::: DATA :::

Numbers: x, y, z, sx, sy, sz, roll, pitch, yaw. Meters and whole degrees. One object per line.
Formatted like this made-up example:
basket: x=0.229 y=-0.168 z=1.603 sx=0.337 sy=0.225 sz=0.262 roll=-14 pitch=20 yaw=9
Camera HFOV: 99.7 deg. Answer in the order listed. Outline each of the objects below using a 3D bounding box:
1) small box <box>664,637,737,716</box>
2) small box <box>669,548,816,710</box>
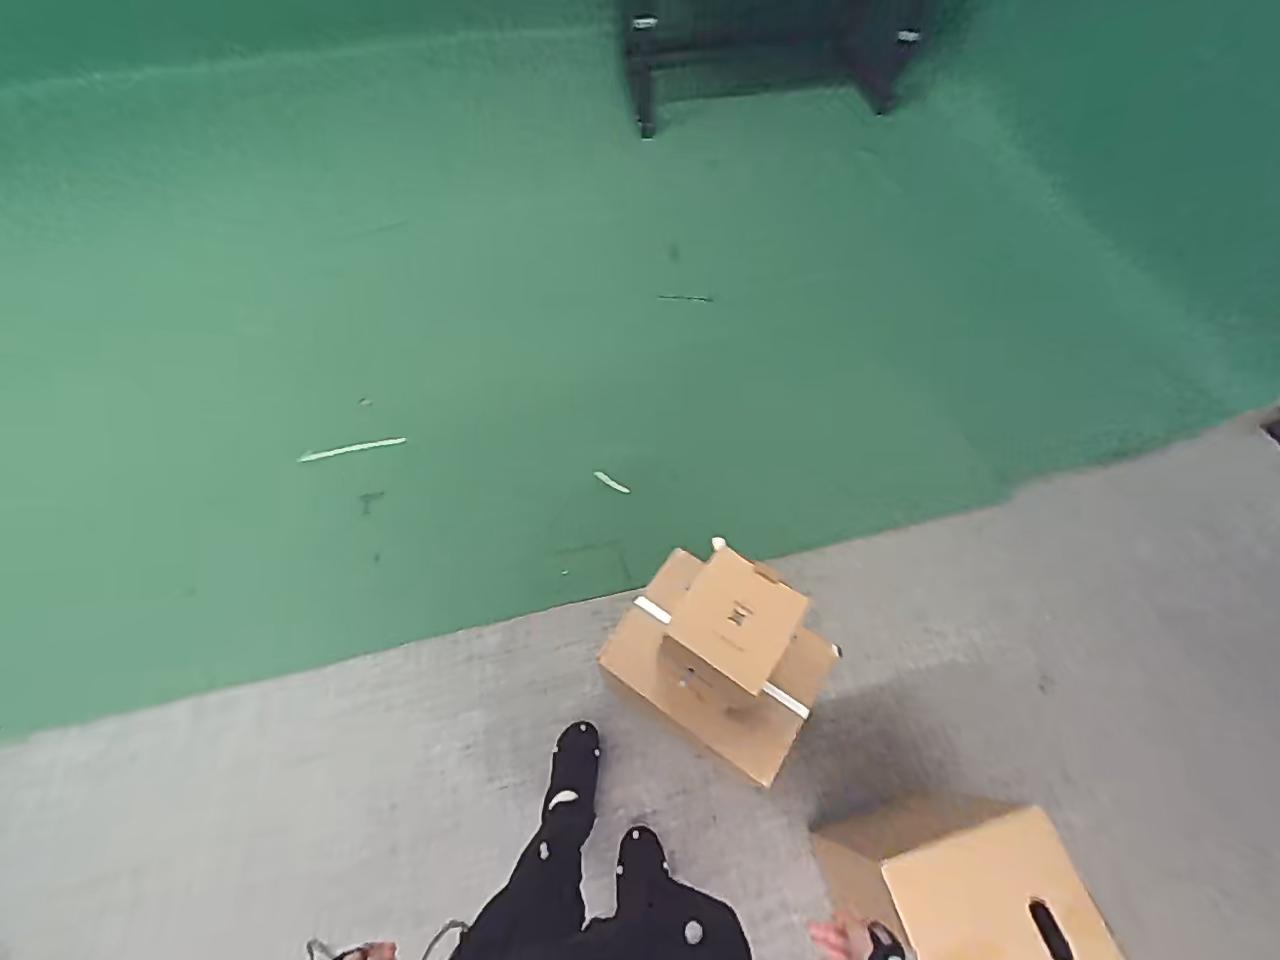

:::

WHAT TO PRODUCE:
Give again, word for word, only the lines from the line containing "basket: x=0.229 y=-0.168" through the last line above, both included; leave the pictures out.

OUTPUT OF THE EXERCISE:
basket: x=0.229 y=-0.168 z=1.603 sx=0.337 sy=0.225 sz=0.262 roll=-14 pitch=20 yaw=9
Camera HFOV: 99.7 deg. Answer in the order listed. Outline each of the objects below using a 3D bounding box:
1) small box <box>664,637,737,716</box>
2) small box <box>669,548,816,710</box>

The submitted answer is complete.